_TASK DIRECTIONS:_ Repeat all of the data below word for word, keeping no images.

[Collected data entries]
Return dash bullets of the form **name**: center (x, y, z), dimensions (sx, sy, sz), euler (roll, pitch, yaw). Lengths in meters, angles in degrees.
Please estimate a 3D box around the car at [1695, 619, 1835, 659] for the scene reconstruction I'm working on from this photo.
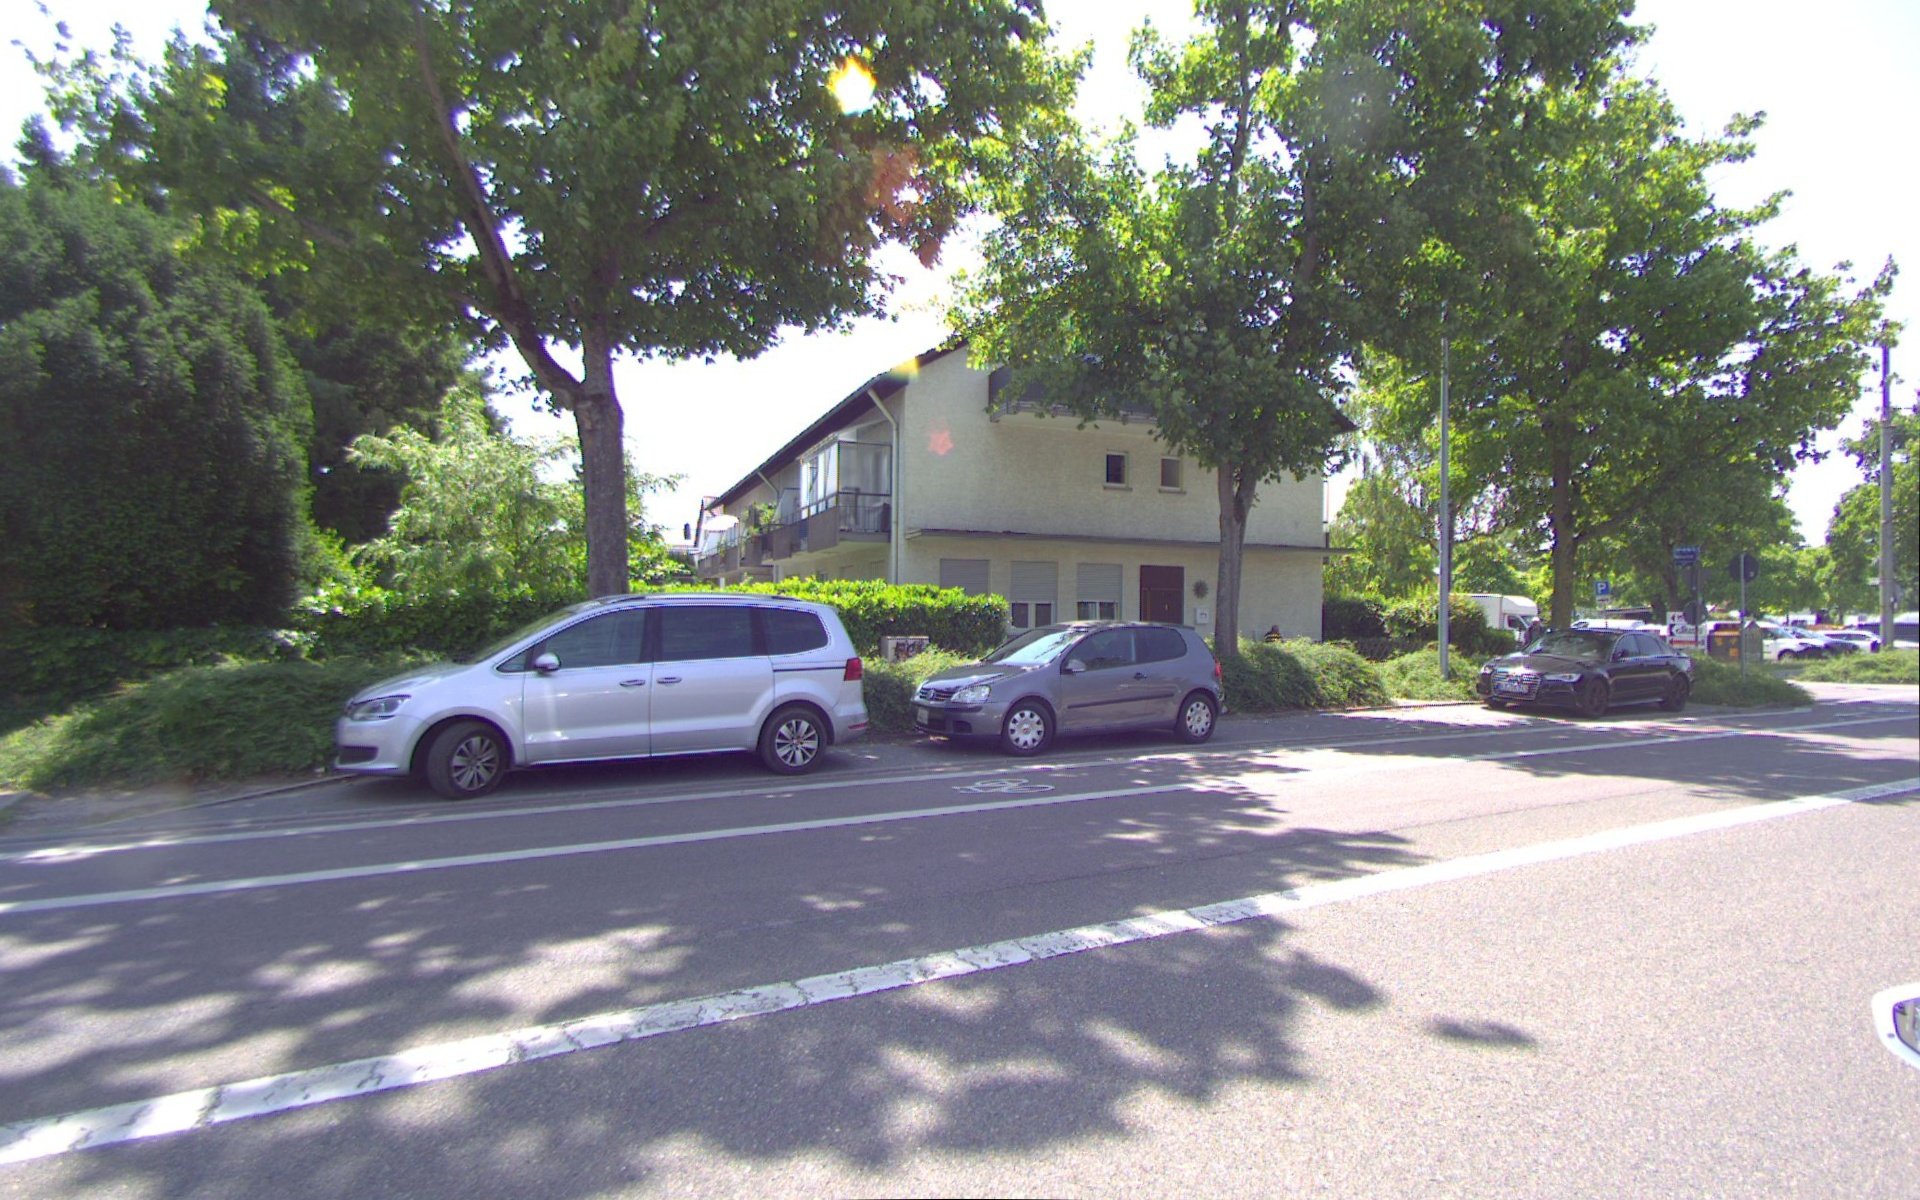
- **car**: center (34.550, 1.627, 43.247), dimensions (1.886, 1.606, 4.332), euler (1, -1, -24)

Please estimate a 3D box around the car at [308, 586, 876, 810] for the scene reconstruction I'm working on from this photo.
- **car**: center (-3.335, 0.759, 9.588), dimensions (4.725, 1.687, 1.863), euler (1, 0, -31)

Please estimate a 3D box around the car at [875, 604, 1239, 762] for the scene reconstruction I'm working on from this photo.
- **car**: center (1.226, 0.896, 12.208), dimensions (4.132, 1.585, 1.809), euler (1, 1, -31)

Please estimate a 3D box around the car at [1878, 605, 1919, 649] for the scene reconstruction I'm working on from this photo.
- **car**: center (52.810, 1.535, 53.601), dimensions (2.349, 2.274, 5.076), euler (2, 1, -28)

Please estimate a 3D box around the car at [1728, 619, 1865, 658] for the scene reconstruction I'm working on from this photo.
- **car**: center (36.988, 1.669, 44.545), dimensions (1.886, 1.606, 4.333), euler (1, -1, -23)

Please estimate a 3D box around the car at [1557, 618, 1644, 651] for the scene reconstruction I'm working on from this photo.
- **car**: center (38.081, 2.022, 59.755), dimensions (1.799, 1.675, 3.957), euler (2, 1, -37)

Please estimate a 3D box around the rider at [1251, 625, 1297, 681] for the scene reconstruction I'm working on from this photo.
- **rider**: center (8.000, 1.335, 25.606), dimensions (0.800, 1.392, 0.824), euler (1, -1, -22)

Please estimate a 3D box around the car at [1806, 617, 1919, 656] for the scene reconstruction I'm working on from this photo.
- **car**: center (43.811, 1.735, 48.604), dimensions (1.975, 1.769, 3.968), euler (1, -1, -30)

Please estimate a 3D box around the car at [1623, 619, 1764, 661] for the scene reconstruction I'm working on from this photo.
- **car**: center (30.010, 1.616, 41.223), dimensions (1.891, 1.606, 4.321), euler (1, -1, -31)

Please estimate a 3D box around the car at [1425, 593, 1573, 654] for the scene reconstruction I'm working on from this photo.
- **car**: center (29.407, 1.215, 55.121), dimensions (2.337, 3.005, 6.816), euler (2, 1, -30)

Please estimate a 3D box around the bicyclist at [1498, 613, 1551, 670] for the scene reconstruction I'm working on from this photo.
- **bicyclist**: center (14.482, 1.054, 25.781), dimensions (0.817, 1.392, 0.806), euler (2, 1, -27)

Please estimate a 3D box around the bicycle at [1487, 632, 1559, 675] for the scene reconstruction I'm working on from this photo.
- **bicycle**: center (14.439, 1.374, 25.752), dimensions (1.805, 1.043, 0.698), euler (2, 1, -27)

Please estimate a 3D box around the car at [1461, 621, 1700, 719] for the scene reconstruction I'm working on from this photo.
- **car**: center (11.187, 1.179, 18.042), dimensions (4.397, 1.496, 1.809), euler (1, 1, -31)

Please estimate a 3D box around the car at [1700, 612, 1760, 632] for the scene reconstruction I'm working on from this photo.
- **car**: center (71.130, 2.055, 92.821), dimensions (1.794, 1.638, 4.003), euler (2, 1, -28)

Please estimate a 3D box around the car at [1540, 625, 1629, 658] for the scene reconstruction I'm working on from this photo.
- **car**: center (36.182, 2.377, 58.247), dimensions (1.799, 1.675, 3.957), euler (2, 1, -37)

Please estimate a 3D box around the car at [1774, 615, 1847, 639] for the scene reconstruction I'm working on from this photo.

_SOLUTION TO THIS PROBLEM:_
Return dash bullets of the form **name**: center (x, y, z), dimensions (sx, sy, sz), euler (roll, pitch, yaw). Lengths in meters, angles in degrees.
Please estimate a 3D box around the car at [1695, 619, 1835, 659] for the scene reconstruction I'm working on from this photo.
- **car**: center (34.550, 1.627, 43.247), dimensions (1.886, 1.606, 4.332), euler (1, -1, -24)

Please estimate a 3D box around the car at [308, 586, 876, 810] for the scene reconstruction I'm working on from this photo.
- **car**: center (-3.335, 0.759, 9.588), dimensions (4.725, 1.687, 1.863), euler (1, 0, -31)

Please estimate a 3D box around the car at [875, 604, 1239, 762] for the scene reconstruction I'm working on from this photo.
- **car**: center (1.226, 0.896, 12.208), dimensions (4.132, 1.585, 1.809), euler (1, 1, -31)

Please estimate a 3D box around the car at [1878, 605, 1919, 649] for the scene reconstruction I'm working on from this photo.
- **car**: center (52.810, 1.535, 53.601), dimensions (2.349, 2.274, 5.076), euler (2, 1, -28)

Please estimate a 3D box around the car at [1728, 619, 1865, 658] for the scene reconstruction I'm working on from this photo.
- **car**: center (36.988, 1.669, 44.545), dimensions (1.886, 1.606, 4.333), euler (1, -1, -23)

Please estimate a 3D box around the car at [1557, 618, 1644, 651] for the scene reconstruction I'm working on from this photo.
- **car**: center (38.081, 2.022, 59.755), dimensions (1.799, 1.675, 3.957), euler (2, 1, -37)

Please estimate a 3D box around the rider at [1251, 625, 1297, 681] for the scene reconstruction I'm working on from this photo.
- **rider**: center (8.000, 1.335, 25.606), dimensions (0.800, 1.392, 0.824), euler (1, -1, -22)

Please estimate a 3D box around the car at [1806, 617, 1919, 656] for the scene reconstruction I'm working on from this photo.
- **car**: center (43.811, 1.735, 48.604), dimensions (1.975, 1.769, 3.968), euler (1, -1, -30)

Please estimate a 3D box around the car at [1623, 619, 1764, 661] for the scene reconstruction I'm working on from this photo.
- **car**: center (30.010, 1.616, 41.223), dimensions (1.891, 1.606, 4.321), euler (1, -1, -31)

Please estimate a 3D box around the car at [1425, 593, 1573, 654] for the scene reconstruction I'm working on from this photo.
- **car**: center (29.407, 1.215, 55.121), dimensions (2.337, 3.005, 6.816), euler (2, 1, -30)

Please estimate a 3D box around the bicyclist at [1498, 613, 1551, 670] for the scene reconstruction I'm working on from this photo.
- **bicyclist**: center (14.482, 1.054, 25.781), dimensions (0.817, 1.392, 0.806), euler (2, 1, -27)

Please estimate a 3D box around the bicycle at [1487, 632, 1559, 675] for the scene reconstruction I'm working on from this photo.
- **bicycle**: center (14.439, 1.374, 25.752), dimensions (1.805, 1.043, 0.698), euler (2, 1, -27)

Please estimate a 3D box around the car at [1461, 621, 1700, 719] for the scene reconstruction I'm working on from this photo.
- **car**: center (11.187, 1.179, 18.042), dimensions (4.397, 1.496, 1.809), euler (1, 1, -31)

Please estimate a 3D box around the car at [1700, 612, 1760, 632] for the scene reconstruction I'm working on from this photo.
- **car**: center (71.130, 2.055, 92.821), dimensions (1.794, 1.638, 4.003), euler (2, 1, -28)

Please estimate a 3D box around the car at [1540, 625, 1629, 658] for the scene reconstruction I'm working on from this photo.
- **car**: center (36.182, 2.377, 58.247), dimensions (1.799, 1.675, 3.957), euler (2, 1, -37)

Please estimate a 3D box around the car at [1774, 615, 1847, 639] for the scene reconstruction I'm working on from this photo.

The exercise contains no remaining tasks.